- **TASK TO COMPLETE**: From the line that holds "outline: M 19.76,-3.23 L 30.36,-3.23" to the last line of the data, copy everything exactly; leave out all the rest.

- **INFORMATION SUPPLIED**:

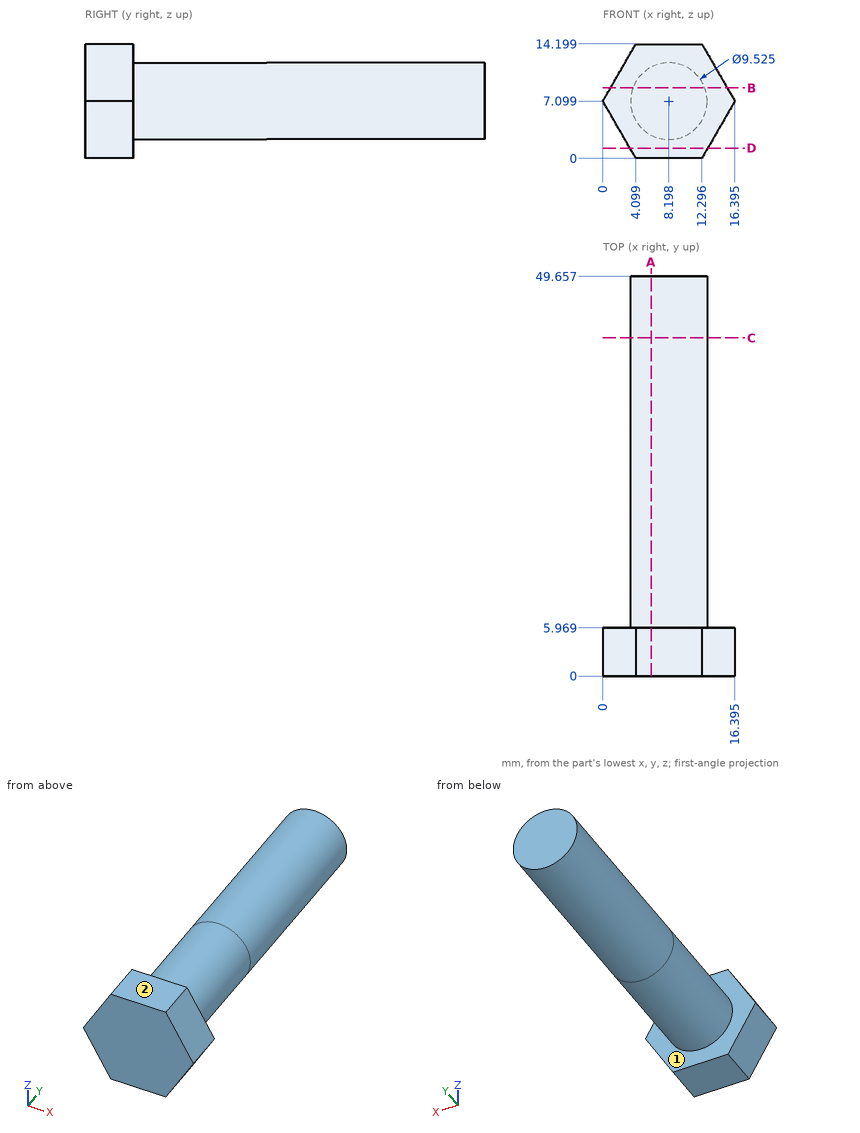
Input: dimensioned drawing with shaded views. Units: mm. Origin: part minimum x, y, z. A direction names the side the tool comes from. Give positions to 0.01 mm unless a question says otherwise; leave off trailing zeros. Write each loop counter-clockwise with the first axis right and the second up, starting at its lowest first coordinate (ties: lowest second). Pieces come first, ordered by that corner, then holes.
1. First-contact query: pin 1 (3 mm diameter, centred on x = 6.5, y = 13.5, fed in from +Z); pin 2 (5 mm diameter, centred on y = 40.5, z = 6, fed in from -X) (1 decimal); pin 3 (8 mm diameter, centred on x = 7.5, y = 41.5, fed in from -Z). Flat tips, straight axial feed; report the tip coordinate or a pass-through.
2. Section query B-B (z = 8.75). Return the cut outline in (x, y) (1 decimal).
3. Material intervals for line 1 along Y through (x, z) = (5.25, 12); line 2 along Z through (x, y) = (8, 12); line 3 along X through (y, z) = (29, 7.75) (1 decimal), sorted ascending.
4. Section query A-A (x = 6). Return the cut outline in (y, z) (1 decimal).
5. Access query for the marked faces 1 and 2. Directions: +Z, -Z, +X, -X, +Y, -Y. A direction counts if a zero-diameter tool reaches every point of the face in a straight line with its end or side. Return the directions, or none.
6. Section query D-D (z = 1.25). Return the cut outline in (x, y).
7. Section query C-C (y = 42). Return the cut outline in (x, z) (1 decimal).
Output values:
1. pin 1: stops at z = 11.86
1. pin 2: stops at x = 3.4
1. pin 3: stops at z = 2.34
2. outline: (1, 0) - (15.4, 0) - (15.4, 6) - (12.7, 6) - (12.7, 49.7) - (3.7, 49.7) - (3.7, 6) - (1, 6) - close
3. line 1: y = 0 to 5.97
3. line 2: z = 2.34 to 11.86
3. line 3: x = 3.5 to 12.9
4. outline: (0, 0) - (6, 0) - (6, 2.9) - (49.7, 2.9) - (49.7, 11.3) - (6, 11.3) - (6, 14.2) - (0, 14.2) - close
5. face 1: +Y
5. face 2: +Z, +X, -X, +Y, -Y
6. outline: (3.38, 0) - (13.02, 0) - (13.02, 5.97) - (3.38, 5.97) - close
7. outline: circle Ø9.5 at (8.2, 7.1)
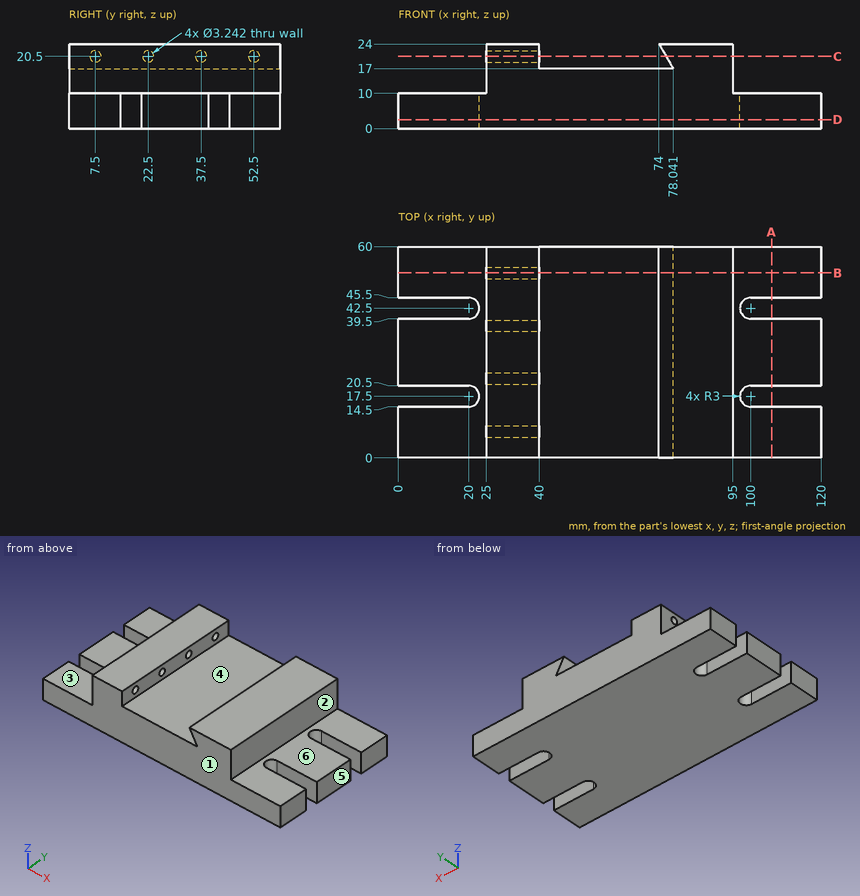
Geometry: see drawing. Coordinates: mm, zero at the bounding-box minimum. A direction names the side the tool comes from. Coordinates: 2 decimals unless noted, no trailing zeros. Order: outer loops, then holes, each group sorted by start corner. A loop starts at its lowest first (then second) coordinate and runs counter-clockwise, first axis right, second up. Notation, with made-up numbers: (-27, 75.25) - (2, 75.25) arc R21 ccw to (2, 102.25) - close; hole circle Ø3 at (63, 3). An arc over 180 degrees is marked (long way). Use one line per item in the form item = value.
1) Section A-A (x = 106). Return loops of the section in (y, z), then the cut area to 3 significant figures.
Solutions:
outline = (0, 0) - (14.5, 0) - (14.5, 10) - (0, 10) - close; (20.5, 0) - (39.5, 0) - (39.5, 10) - (20.5, 10) - close; (45.5, 0) - (60, 0) - (60, 10) - (45.5, 10) - close
area = 480 mm^2
2) Set-up query: the marked faces 1, 2 and 3. Return all of +Z, -Z, +X, -X, +Y, -Y with unobstructed straight access to the full face (end or side cutting, diameter ignored); none if empty.
Solutions:
face_1 = +Z, -Z, +X, -X, -Y
face_2 = +Z, +X, +Y, -Y
face_3 = +Z, -X, +Y, -Y
3) Ray query, L1, parallel to Y at x = 29.25, z = 20.5; L2, parallel to Z at x = 30.5, y = 7.5; L3, parallel to X at y = 9, z = 16.5. Return the intervals inside material, ascending.
Solutions:
L1 = 0 to 5.88, 9.12 to 20.88, 24.12 to 35.88, 39.12 to 50.88, 54.12 to 60
L2 = 0 to 18.88, 22.12 to 24
L3 = 25 to 95
4) Section D-D (z = 2.5). Return loops of the section in (x, y), then the cut area to 3 significant figures.
Solutions:
outline = (0, 0) - (120, 0) - (120, 14.5) - (100, 14.5) arc R3 cw to (100, 20.5) - (120, 20.5) - (120, 39.5) - (100, 39.5) arc R3 cw to (100, 45.5) - (120, 45.5) - (120, 60) - (0, 60) - (0, 45.5) - (20, 45.5) arc R3 cw to (20, 39.5) - (0, 39.5) - (0, 20.5) - (20, 20.5) arc R3 cw to (20, 14.5) - (0, 14.5) - close
area = 6,660 mm^2
5) Section B-B (y = 52.5). Return loops of the section in (x, z), then the cut area to 3 significant figures.
Solutions:
outline = (0, 0) - (120, 0) - (120, 10) - (95, 10) - (95, 24) - (74, 24) - (78.04, 17) - (40, 17) - (40, 18.88) - (25, 18.88) - (25, 10) - (0, 10) - close; (25, 22.12) - (40, 22.12) - (40, 24) - (25, 24) - close
area = 1,880 mm^2
6) Pin query (flat end, axial travel): pin 1 (7 mm diameter, centred on y = 23, z = 19.5, fed in from -X); pin 2 (1.9 mm diameter, centred on y = 37.5, z = 20.5, fed in from -X); pin 3 (5.5 mm diameter, centred on y = 38, z = 21, fed in from +X). Return the tip coordinate at first contact, or that it passes through.
Solutions:
pin_1 = 25
pin_2 = 75.47
pin_3 = 95
7) Section C-C (z = 20.5). Return loops of the section in (x, y), then the cut area to 3 significant figures.
Solutions:
outline = (25, 0) - (40, 0) - (40, 5.88) - (25, 5.88) - close; (25, 9.12) - (40, 9.12) - (40, 20.88) - (25, 20.88) - close; (25, 24.12) - (40, 24.12) - (40, 35.88) - (25, 35.88) - close; (25, 39.12) - (40, 39.12) - (40, 50.88) - (25, 50.88) - close; (25, 54.12) - (40, 54.12) - (40, 60) - (25, 60) - close; (76.02, 0) - (95, 0) - (95, 60) - (76.02, 60) - close
area = 1,840 mm^2
8) Mould query, pull axis X, two halves, no side actions, for the marked faces 4, 5 and 6. Classes: +X half, -X half, draft (parallel to the pull), parting line (faces both ways), or undercut.
Solutions:
face_4 = undercut
face_5 = +X half
face_6 = draft
Verification items for the finished model (mm, model axes). A direction names the side the tool comes from. Round coordinates to 2 decimals unless told otherwise and drop trailing zeros. Write each loop counter-clockwise with the first axis right and the second up, starting at its lowest first coordinate (ties: lowest second). Pieces come first, ordered by that corner, then holes. Notation, with made-up numbers: M 42.5,-32.5 L 75.5,-32.5 A33 ccw 75.5,-1.5 Z; hole C 6,11.5 d3. An arc over 180 degrees is marked long. Write each question's results on one line, items separated by ' | '.
from build123d import *

# Parameters (mm, degrees)
SKETCH1_W           = 25.4
SKETCH1_H           = 6.35
BOSS_EXTRUDE1_DEPTH = 100
SKETCH2_R           = 2.1
CUT_EXTRUDE1_DEPTH  = 110.906322202
SKETCH2_3_R         = 5
CUT_EXTRUDE2_DEPTH  = 4
SKETCH2_4_R         = 5
CUT_EXTRUDE3_DEPTH  = 4
SKETCH5_W           = 25.4
SKETCH5_H           = 5
SKETCH5_H_2         = 12
CUT_EXTRUDE4_DEPTH  = 110.906322202
SKETCH6_R           = 5.25
CUT_EXTRUDE5_DEPTH  = 106.377415322
SKETCH7_W           = 25.4
SKETCH7_H           = 3.7
CUT_EXTRUDE6_DEPTH  = 106.377415322
BOSS_EXTRUDE2_START = -2.35
SKETCH8_R           = 5.25
SKETCH8_R_2         = 3
BOSS_EXTRUDE2_DEPTH = 2.35


with BuildPart() as part:
    # Sketch1 → Boss-Extrude1 (new body)
    with BuildSketch(Plane(origin=(0, 0, 0), x_dir=(1, 0, 0), z_dir=(0, 1, 0))):
        with Locations((32.456141995, 0.058688594)):
            Rectangle(SKETCH1_W, SKETCH1_H)
    extrude(amount=BOSS_EXTRUDE1_DEPTH)

    # Sketch2 → Cut-Extrude1 (cut, through all)
    with BuildSketch(Plane.XY.offset(3.116311406)):
        with Locations((32.456141995, 81.7)):
            Circle(SKETCH2_R)
        with Locations((32.456141995, 23.71)):
            Circle(SKETCH2_R)
    extrude(amount=-CUT_EXTRUDE1_DEPTH, mode=Mode.SUBTRACT)

    # Sketch2_3 → Cut-Extrude2 (cut)
    with BuildSketch(Plane.XY.offset(3.116311406)):
        with Locations((32.456141995, 81.7)):
            Circle(SKETCH2_3_R)
    extrude(amount=-CUT_EXTRUDE2_DEPTH, mode=Mode.SUBTRACT)

    # Sketch2_4 → Cut-Extrude3 (cut)
    with BuildSketch(Plane.XY.offset(3.116311406)):
        with Locations((32.456141995, 23.71)):
            Circle(SKETCH2_4_R)
    extrude(amount=-CUT_EXTRUDE3_DEPTH, mode=Mode.SUBTRACT)

    # Sketch5 → Cut-Extrude4 (cut, through all)
    with BuildSketch(Plane.XY.offset(3.116311406)):
        with Locations((32.456141995, 97.5)):
            Rectangle(SKETCH5_W, SKETCH5_H)
        with Locations((32.456141995, 6)):
            Rectangle(SKETCH5_W, SKETCH5_H_2)
    extrude(amount=-CUT_EXTRUDE4_DEPTH, mode=Mode.SUBTRACT)

    # Sketch6 → Cut-Extrude5 (cut, through all)
    with BuildSketch(Plane.XY.offset(3.116311406)):
        with Locations((32.456141995, 53.471)):
            Circle(SKETCH6_R)
    extrude(amount=-CUT_EXTRUDE5_DEPTH, mode=Mode.SUBTRACT)

    # Sketch7 → Cut-Extrude6 (cut, through all)
    with BuildSketch(Plane.XY.offset(3.116311406)):
        with Locations((32.456141995, 13.85)):
            Rectangle(SKETCH7_W, SKETCH7_H)
    extrude(amount=-CUT_EXTRUDE6_DEPTH, mode=Mode.SUBTRACT)

    # Sketch8 → Boss-Extrude2 (add)
    with BuildSketch(Plane(origin=(0, 0, -3.233688594), x_dir=(-1, 0, 0), z_dir=(0, 0, -1)).offset(BOSS_EXTRUDE2_START)):
        with Locations(Location((-32.456141995, 53.471, 0), (0, 0, 180))):
            Circle(SKETCH8_R)
        with Locations((-32.456141995, 53.471)):
            Circle(SKETCH8_R_2, mode=Mode.SUBTRACT)
    extrude(amount=BOSS_EXTRUDE2_DEPTH)


solid = part.part
1) Material ranges on line 1 (Y direction, x = 36.25, z = 2); line 2 (Y direction, x = 34.25, z = 1); line 3 (Z direction, x = 28.75, y = 83), recorded low to high. Write a range as [from, to].
Calculated:
line 1: y = [15.7, 20.45], [26.97, 49.84], [57.1, 78.44], [84.96, 95] | line 2: y = [15.7, 19.04], [28.38, 48.54], [58.41, 77.03], [86.37, 95] | line 3: z = [-3.23, -0.88]
2) Depth check by flat-ended pin: P1, Ø5.5, axis at x = 32.46, y = 81.7, coming from the +Z side. Enter the tip coordinate at first touch or a pass-through.
Calculated:
P1: stops at z = -0.88
3) Draft check along X on faces 3 (the flat face through (19.756, 55, 0)), 4 (the flat face through (45.156, 55, 0)), 5 (the flat face through (35, 56, -0.884)), 6 (the flat face through (32, 95, 0)). Enter one of: pulls with the +X half, pulls with the -X half, needs draft (parallel to the pull), parting line crosses it, or undercut.
Calculated:
face 3: pulls with the -X half | face 4: pulls with the +X half | face 5: undercut | face 6: needs draft
4) Sectioned sample at C-C, the plane y = 81. Record the cut outline in (x, z).
Calculated:
outline: M 19.76,-3.23 L 30.48,-3.23 L 30.48,-0.88 L 27.51,-0.88 L 27.51,3.12 L 19.76,3.12 Z; M 34.44,-3.23 L 45.16,-3.23 L 45.16,3.12 L 37.41,3.12 L 37.41,-0.88 L 34.44,-0.88 Z
5) Sectioned sample at B-B, the plane z = -2. Record the cut outline in (x, y), and give its area (3 significant figures).
Calculated:
outline: M 19.76,15.7 L 45.16,15.7 L 45.16,95 L 19.76,95 Z; hole C 32.46,53.47 d6; hole C 32.46,23.71 d4.2; hole C 32.46,81.7 d4.2 | area: 1,960 mm²
6) Sectioned sample at A-A, the plane y = 23.71. Record the cut outline in (x, z), and give its area (3 significant figures).
Calculated:
outline: M 19.76,-3.23 L 30.36,-3.23 L 30.36,-0.88 L 27.46,-0.88 L 27.46,3.12 L 19.76,3.12 Z; M 34.56,-3.23 L 45.16,-3.23 L 45.16,3.12 L 37.46,3.12 L 37.46,-0.88 L 34.56,-0.88 Z | area: 111 mm²
7) Access from +Z, -Z, +X, -X, +Y, -Y to the whole of each face (thin tool, end or side, straight path). Record for faces 1 (the flat face through (29, 55, -3.234)), 2 (the cylindrical face through (31.37, 76.82, 1.14)).
Calculated:
face 1: -Z, +X, -X, +Y, -Y | face 2: +Z

- **SOLUTION TO THIS PROBLEM**:
outline: M 19.76,-3.23 L 30.36,-3.23 L 30.36,-0.88 L 27.46,-0.88 L 27.46,3.12 L 19.76,3.12 Z; M 34.56,-3.23 L 45.16,-3.23 L 45.16,3.12 L 37.46,3.12 L 37.46,-0.88 L 34.56,-0.88 Z | area: 111 mm²
7) Access from +Z, -Z, +X, -X, +Y, -Y to the whole of each face (thin tool, end or side, straight path). Record for faces 1 (the flat face through (29, 55, -3.234)), 2 (the cylindrical face through (31.37, 76.82, 1.14)).
Calculated:
face 1: -Z, +X, -X, +Y, -Y | face 2: +Z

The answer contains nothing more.